Records from a collection
◆ ◆ ◆ ◆ ◆ ◆ ◆

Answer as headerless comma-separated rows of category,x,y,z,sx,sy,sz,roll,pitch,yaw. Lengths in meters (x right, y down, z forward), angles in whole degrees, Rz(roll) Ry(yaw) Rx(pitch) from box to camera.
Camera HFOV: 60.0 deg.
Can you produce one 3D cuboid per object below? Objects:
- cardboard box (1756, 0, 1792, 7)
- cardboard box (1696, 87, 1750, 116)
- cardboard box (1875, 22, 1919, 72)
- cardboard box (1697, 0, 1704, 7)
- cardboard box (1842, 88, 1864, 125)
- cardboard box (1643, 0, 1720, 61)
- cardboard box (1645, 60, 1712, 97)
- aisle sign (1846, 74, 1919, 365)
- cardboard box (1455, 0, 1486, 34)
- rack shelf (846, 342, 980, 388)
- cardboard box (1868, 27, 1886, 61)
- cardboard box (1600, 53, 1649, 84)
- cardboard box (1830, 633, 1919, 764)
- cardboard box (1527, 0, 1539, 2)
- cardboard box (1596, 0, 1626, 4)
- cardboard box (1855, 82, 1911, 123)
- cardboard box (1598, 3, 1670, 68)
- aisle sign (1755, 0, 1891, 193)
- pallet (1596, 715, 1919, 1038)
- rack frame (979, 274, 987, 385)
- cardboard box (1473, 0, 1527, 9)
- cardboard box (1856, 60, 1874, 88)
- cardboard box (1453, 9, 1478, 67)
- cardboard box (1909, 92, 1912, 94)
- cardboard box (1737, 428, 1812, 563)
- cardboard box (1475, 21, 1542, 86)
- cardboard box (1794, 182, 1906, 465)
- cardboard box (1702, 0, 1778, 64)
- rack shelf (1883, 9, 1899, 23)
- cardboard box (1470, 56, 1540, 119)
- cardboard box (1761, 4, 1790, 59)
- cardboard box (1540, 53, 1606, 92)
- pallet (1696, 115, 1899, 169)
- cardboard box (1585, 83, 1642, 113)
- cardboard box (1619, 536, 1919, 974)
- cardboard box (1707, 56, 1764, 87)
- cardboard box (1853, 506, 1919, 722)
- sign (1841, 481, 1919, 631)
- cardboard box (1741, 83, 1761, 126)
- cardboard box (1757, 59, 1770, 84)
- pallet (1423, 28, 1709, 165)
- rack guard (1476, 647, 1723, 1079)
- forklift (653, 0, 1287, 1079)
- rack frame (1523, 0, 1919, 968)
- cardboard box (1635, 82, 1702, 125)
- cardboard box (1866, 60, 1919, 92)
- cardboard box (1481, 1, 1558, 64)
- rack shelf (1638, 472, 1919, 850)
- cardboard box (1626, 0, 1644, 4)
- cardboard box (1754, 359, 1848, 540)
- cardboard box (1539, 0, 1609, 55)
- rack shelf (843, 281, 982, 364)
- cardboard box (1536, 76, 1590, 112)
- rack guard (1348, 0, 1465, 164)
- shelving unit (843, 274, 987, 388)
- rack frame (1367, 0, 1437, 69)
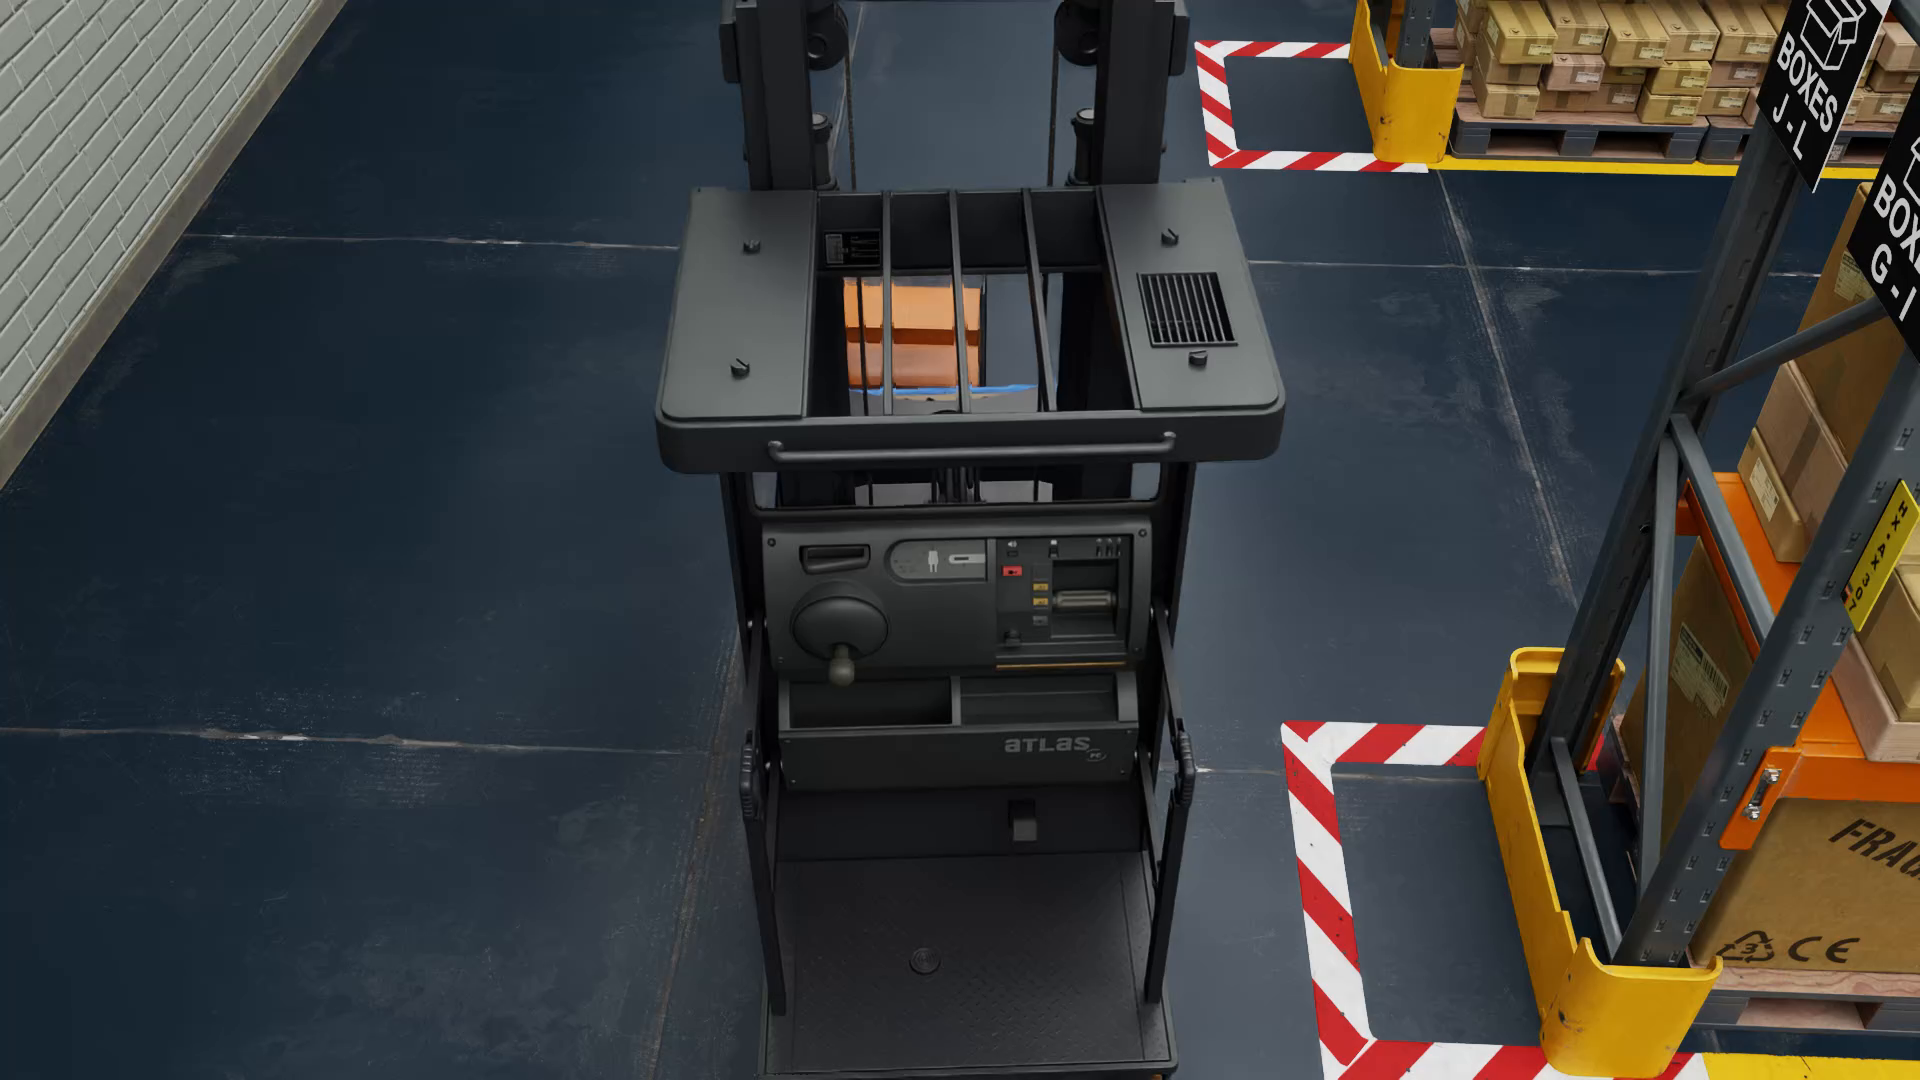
cardboard box,4.028,-2.782,8.383,0.250,0.149,0.380,0,43,0
cardboard box,3.722,-2.267,8.266,0.250,0.149,0.380,2,43,2
cardboard box,4.513,-2.400,7.972,0.250,0.149,0.380,0,43,0
cardboard box,3.770,-2.866,8.472,0.250,0.149,0.380,3,43,3
cardboard box,4.245,-2.209,8.204,0.250,0.149,0.380,2,43,2
cardboard box,3.477,-2.479,8.057,0.250,0.149,0.380,0,43,0
cardboard box,3.473,-2.323,8.109,0.250,0.149,0.380,3,43,3
aisle sign,1.781,-0.746,2.942,0.004,0.787,0.394,2,43,2
cardboard box,2.730,-2.768,8.586,0.250,0.149,0.380,1,43,1
rack shelf,-0.165,-0.559,5.740,0.480,0.148,0.258,2,43,2
cardboard box,4.269,-2.482,8.061,0.250,0.149,0.380,2,43,2
cardboard box,3.222,-2.405,8.196,0.250,0.149,0.380,2,43,2
cardboard box,2.206,0.331,3.878,0.250,0.149,0.380,2,43,2
cardboard box,2.979,-2.808,8.411,0.250,0.149,0.380,3,43,3
cardboard box,3.243,-2.887,8.495,0.250,0.149,0.380,1,43,1
cardboard box,4.488,-2.224,8.220,0.250,0.149,0.380,3,43,3
cardboard box,3.225,-2.430,8.005,0.250,0.149,0.380,2,43,2
aisle sign,1.808,-1.154,3.381,0.004,0.787,0.394,2,43,2
pallet,2.668,0.995,5.027,1.213,0.211,1.003,2,43,2
rack frame,0.078,-0.437,5.838,0.015,1.200,0.240,2,43,2
cardboard box,2.731,-2.855,8.461,0.250,0.149,0.380,2,43,2
cardboard box,4.285,-2.385,8.174,0.250,0.149,0.380,4,43,4
cardboard box,2.726,-2.607,8.631,0.250,0.149,0.380,2,43,3
cardboard box,4.745,-2.170,8.162,0.250,0.149,0.380,2,43,2
cardboard box,2.237,-0.118,4.360,0.250,0.149,0.380,3,43,3
cardboard box,2.702,-2.399,8.190,0.250,0.149,0.380,3,43,4
cardboard box,2.365,-0.489,3.916,0.500,0.500,0.500,2,43,2
cardboard box,3.753,-2.464,8.041,0.250,0.149,0.380,3,43,4
rack shelf,3.864,-0.769,3.202,4.000,0.370,1.077,2,43,2
cardboard box,2.699,-2.247,8.245,0.250,0.149,0.380,3,43,3
cardboard box,4.014,-2.425,7.999,0.250,0.149,0.380,2,43,3
cardboard box,2.973,-2.352,8.140,0.250,0.149,0.380,2,43,2
pallet,4.292,-2.260,8.521,1.213,0.211,1.003,2,43,2
cardboard box,3.213,-2.292,8.293,0.250,0.149,0.380,2,43,2
cardboard box,2.509,0.593,4.664,0.875,0.875,0.875,2,43,2
cardboard box,3.742,-2.380,8.169,0.250,0.149,0.380,0,43,0
cardboard box,2.333,0.148,3.782,0.500,0.250,0.500,1,43,1
sign,1.835,0.036,3.318,0.005,0.325,0.100,2,43,2
cardboard box,3.967,-2.200,8.194,0.250,0.149,0.380,0,43,0
cardboard box,4.015,-2.400,8.191,0.250,0.149,0.380,4,43,4
pallet,3.076,-2.299,8.563,1.213,0.211,1.003,2,43,2
rack guard,1.842,0.917,4.898,0.348,0.500,1.175,2,43,2
forklift,0.005,0.232,3.850,1.130,2.935,3.031,-1,43,-2
rack frame,1.866,0.004,4.046,0.127,3.000,1.000,2,43,2
cardboard box,3.463,-2.209,8.205,0.250,0.149,0.380,2,43,2
cardboard box,4.550,-2.348,8.135,0.250,0.149,0.380,0,43,0
cardboard box,2.698,-2.451,8.028,0.250,0.149,0.380,0,43,0
rack shelf,3.864,0.328,4.225,4.000,0.370,1.077,2,43,2
cardboard box,3.499,-2.836,8.441,0.250,0.149,0.380,0,43,0
cardboard box,2.362,-0.216,4.173,0.500,0.250,0.500,1,43,1
cardboard box,2.979,-2.525,8.107,0.250,0.149,0.380,2,43,3
rack shelf,-0.165,-0.732,5.579,0.480,0.148,0.258,2,43,2
cardboard box,2.964,-2.295,8.296,0.250,0.149,0.380,2,43,2
rack guard,2.266,-2.454,8.517,0.348,0.500,1.175,2,43,2
shelving unit,-0.165,-0.444,5.846,0.503,1.200,0.258,2,43,2
rack frame,2.190,-3.371,7.668,0.127,3.000,1.000,2,43,2

◆ ◆ ◆ ◆ ◆ ◆ ◆

§ What is being asked:
Output nothing but the entries above, exactly, once the pictures are removed.

§ Response to this exercise:
Answer as headerless comma-separated rows of category,x,y,z,sx,sy,sz,roll,pitch,yaw. Lengths in meters (x right, y down, z forward), angles in whole degrees, Rz(roll) Ry(yaw) Rx(pitch) from box to camera.
Camera HFOV: 60.0 deg.
Can you produce one 3D cuboid per object below? Objects:
- cardboard box (1756, 0, 1792, 7)
- cardboard box (1696, 87, 1750, 116)
- cardboard box (1875, 22, 1919, 72)
- cardboard box (1697, 0, 1704, 7)
- cardboard box (1842, 88, 1864, 125)
- cardboard box (1643, 0, 1720, 61)
- cardboard box (1645, 60, 1712, 97)
- aisle sign (1846, 74, 1919, 365)
- cardboard box (1455, 0, 1486, 34)
- rack shelf (846, 342, 980, 388)
- cardboard box (1868, 27, 1886, 61)
- cardboard box (1600, 53, 1649, 84)
- cardboard box (1830, 633, 1919, 764)
- cardboard box (1527, 0, 1539, 2)
- cardboard box (1596, 0, 1626, 4)
- cardboard box (1855, 82, 1911, 123)
- cardboard box (1598, 3, 1670, 68)
- aisle sign (1755, 0, 1891, 193)
- pallet (1596, 715, 1919, 1038)
- rack frame (979, 274, 987, 385)
- cardboard box (1473, 0, 1527, 9)
- cardboard box (1856, 60, 1874, 88)
- cardboard box (1453, 9, 1478, 67)
- cardboard box (1909, 92, 1912, 94)
- cardboard box (1737, 428, 1812, 563)
- cardboard box (1475, 21, 1542, 86)
- cardboard box (1794, 182, 1906, 465)
- cardboard box (1702, 0, 1778, 64)
- rack shelf (1883, 9, 1899, 23)
- cardboard box (1470, 56, 1540, 119)
- cardboard box (1761, 4, 1790, 59)
- cardboard box (1540, 53, 1606, 92)
- pallet (1696, 115, 1899, 169)
- cardboard box (1585, 83, 1642, 113)
- cardboard box (1619, 536, 1919, 974)
- cardboard box (1707, 56, 1764, 87)
- cardboard box (1853, 506, 1919, 722)
- sign (1841, 481, 1919, 631)
- cardboard box (1741, 83, 1761, 126)
- cardboard box (1757, 59, 1770, 84)
- pallet (1423, 28, 1709, 165)
- rack guard (1476, 647, 1723, 1079)
- forklift (653, 0, 1287, 1079)
- rack frame (1523, 0, 1919, 968)
- cardboard box (1635, 82, 1702, 125)
- cardboard box (1866, 60, 1919, 92)
- cardboard box (1481, 1, 1558, 64)
- rack shelf (1638, 472, 1919, 850)
- cardboard box (1626, 0, 1644, 4)
- cardboard box (1754, 359, 1848, 540)
- cardboard box (1539, 0, 1609, 55)
- rack shelf (843, 281, 982, 364)
- cardboard box (1536, 76, 1590, 112)
- rack guard (1348, 0, 1465, 164)
- shelving unit (843, 274, 987, 388)
- rack frame (1367, 0, 1437, 69)
cardboard box,4.028,-2.782,8.383,0.250,0.149,0.380,0,43,0
cardboard box,3.722,-2.267,8.266,0.250,0.149,0.380,2,43,2
cardboard box,4.513,-2.400,7.972,0.250,0.149,0.380,0,43,0
cardboard box,3.770,-2.866,8.472,0.250,0.149,0.380,3,43,3
cardboard box,4.245,-2.209,8.204,0.250,0.149,0.380,2,43,2
cardboard box,3.477,-2.479,8.057,0.250,0.149,0.380,0,43,0
cardboard box,3.473,-2.323,8.109,0.250,0.149,0.380,3,43,3
aisle sign,1.781,-0.746,2.942,0.004,0.787,0.394,2,43,2
cardboard box,2.730,-2.768,8.586,0.250,0.149,0.380,1,43,1
rack shelf,-0.165,-0.559,5.740,0.480,0.148,0.258,2,43,2
cardboard box,4.269,-2.482,8.061,0.250,0.149,0.380,2,43,2
cardboard box,3.222,-2.405,8.196,0.250,0.149,0.380,2,43,2
cardboard box,2.206,0.331,3.878,0.250,0.149,0.380,2,43,2
cardboard box,2.979,-2.808,8.411,0.250,0.149,0.380,3,43,3
cardboard box,3.243,-2.887,8.495,0.250,0.149,0.380,1,43,1
cardboard box,4.488,-2.224,8.220,0.250,0.149,0.380,3,43,3
cardboard box,3.225,-2.430,8.005,0.250,0.149,0.380,2,43,2
aisle sign,1.808,-1.154,3.381,0.004,0.787,0.394,2,43,2
pallet,2.668,0.995,5.027,1.213,0.211,1.003,2,43,2
rack frame,0.078,-0.437,5.838,0.015,1.200,0.240,2,43,2
cardboard box,2.731,-2.855,8.461,0.250,0.149,0.380,2,43,2
cardboard box,4.285,-2.385,8.174,0.250,0.149,0.380,4,43,4
cardboard box,2.726,-2.607,8.631,0.250,0.149,0.380,2,43,3
cardboard box,4.745,-2.170,8.162,0.250,0.149,0.380,2,43,2
cardboard box,2.237,-0.118,4.360,0.250,0.149,0.380,3,43,3
cardboard box,2.702,-2.399,8.190,0.250,0.149,0.380,3,43,4
cardboard box,2.365,-0.489,3.916,0.500,0.500,0.500,2,43,2
cardboard box,3.753,-2.464,8.041,0.250,0.149,0.380,3,43,4
rack shelf,3.864,-0.769,3.202,4.000,0.370,1.077,2,43,2
cardboard box,2.699,-2.247,8.245,0.250,0.149,0.380,3,43,3
cardboard box,4.014,-2.425,7.999,0.250,0.149,0.380,2,43,3
cardboard box,2.973,-2.352,8.140,0.250,0.149,0.380,2,43,2
pallet,4.292,-2.260,8.521,1.213,0.211,1.003,2,43,2
cardboard box,3.213,-2.292,8.293,0.250,0.149,0.380,2,43,2
cardboard box,2.509,0.593,4.664,0.875,0.875,0.875,2,43,2
cardboard box,3.742,-2.380,8.169,0.250,0.149,0.380,0,43,0
cardboard box,2.333,0.148,3.782,0.500,0.250,0.500,1,43,1
sign,1.835,0.036,3.318,0.005,0.325,0.100,2,43,2
cardboard box,3.967,-2.200,8.194,0.250,0.149,0.380,0,43,0
cardboard box,4.015,-2.400,8.191,0.250,0.149,0.380,4,43,4
pallet,3.076,-2.299,8.563,1.213,0.211,1.003,2,43,2
rack guard,1.842,0.917,4.898,0.348,0.500,1.175,2,43,2
forklift,0.005,0.232,3.850,1.130,2.935,3.031,-1,43,-2
rack frame,1.866,0.004,4.046,0.127,3.000,1.000,2,43,2
cardboard box,3.463,-2.209,8.205,0.250,0.149,0.380,2,43,2
cardboard box,4.550,-2.348,8.135,0.250,0.149,0.380,0,43,0
cardboard box,2.698,-2.451,8.028,0.250,0.149,0.380,0,43,0
rack shelf,3.864,0.328,4.225,4.000,0.370,1.077,2,43,2
cardboard box,3.499,-2.836,8.441,0.250,0.149,0.380,0,43,0
cardboard box,2.362,-0.216,4.173,0.500,0.250,0.500,1,43,1
cardboard box,2.979,-2.525,8.107,0.250,0.149,0.380,2,43,3
rack shelf,-0.165,-0.732,5.579,0.480,0.148,0.258,2,43,2
cardboard box,2.964,-2.295,8.296,0.250,0.149,0.380,2,43,2
rack guard,2.266,-2.454,8.517,0.348,0.500,1.175,2,43,2
shelving unit,-0.165,-0.444,5.846,0.503,1.200,0.258,2,43,2
rack frame,2.190,-3.371,7.668,0.127,3.000,1.000,2,43,2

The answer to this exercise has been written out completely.